Olsky wore a dark pinstriped suit. Greshko considered him a pencil-pusher, a clerk, a man without an ounce of flair in his soul, a colourless bureaucrat so typical of the new breed. He was Birthmark Billy’s protégé and therefore a member of the Politburo’s inner sanctum. When Greshko had run the organs of State Security, Olsky had been a mere Deputy in the Third Directorate. His rise, engineered by the General Secretary, had been spectacular. At the age of forty-one he was the youngest man in Soviet history to be Chairman of the KGB, which was another source of resentment for Greshko, who hadn’t assumed control himself until his sixty-first birthday.

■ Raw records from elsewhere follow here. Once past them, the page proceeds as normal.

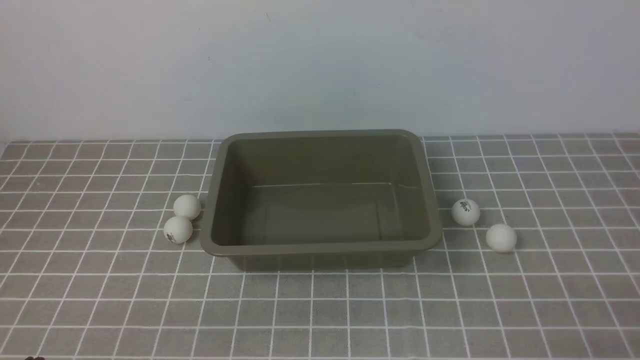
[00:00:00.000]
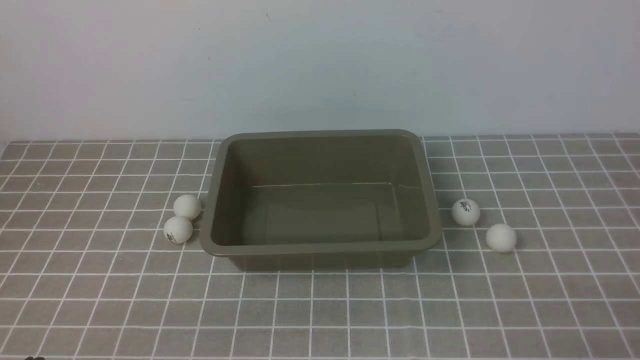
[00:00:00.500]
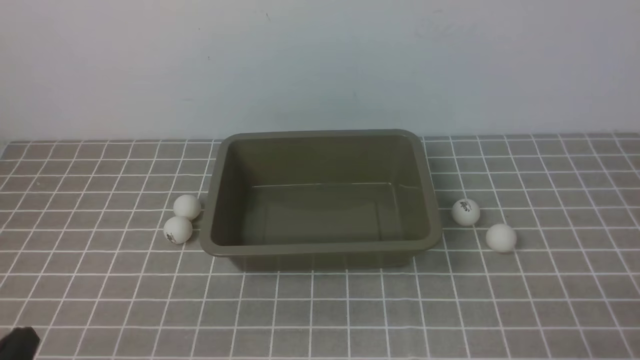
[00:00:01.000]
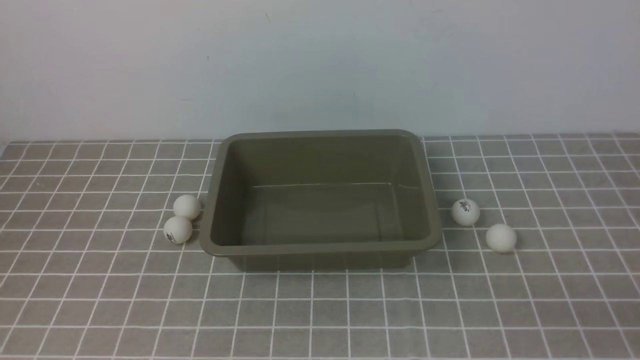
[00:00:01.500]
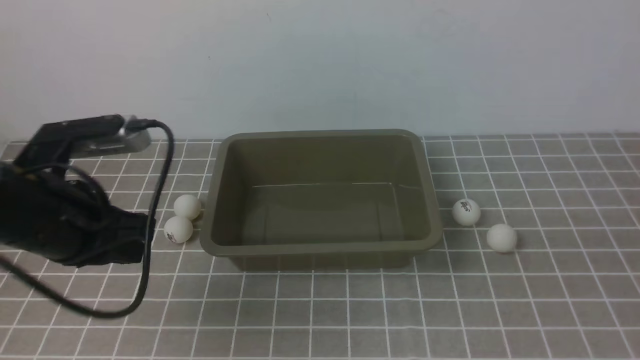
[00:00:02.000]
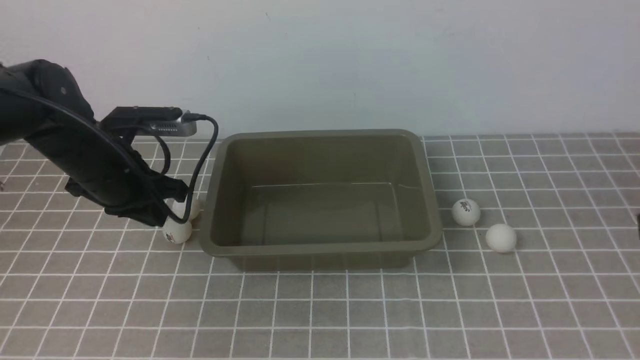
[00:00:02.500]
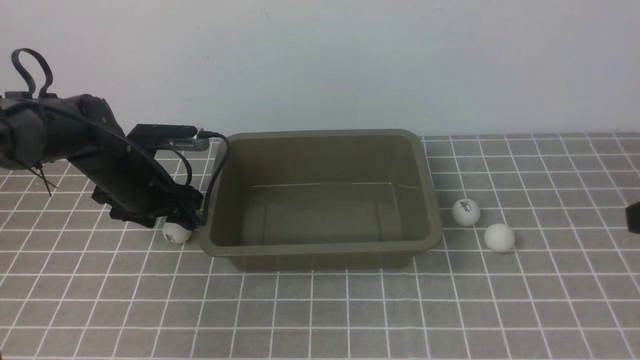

“You look well,” Stefan Olsky said.
Greshko said nothing for a moment. He seethed whenever he imagined Olsky occupying his office, sitting in his chair. He knew Olsky had had the office redecorated, that all the old paintings had been returned to storage and replaced by charts – charts, sweet Christ! – that the old phone system had been renovated and the six phones Greshko had enjoyed supplanted by a single device that allowed Olsky to hold what were known as ‘conference’ calls. Every day new changes. Every day something else swept away.
“I look as well as a dying man can,” Greshko said. “You’re trying to be kind, Stefan.”
Stefan Olsky approached the bed. This was his first visit to Greshko’s cottage, and he’d heard about the old man’s condition, but he hadn’t been prepared for the smell that hung in this room – this commingling of human waste and disinfectant, this deathly odour.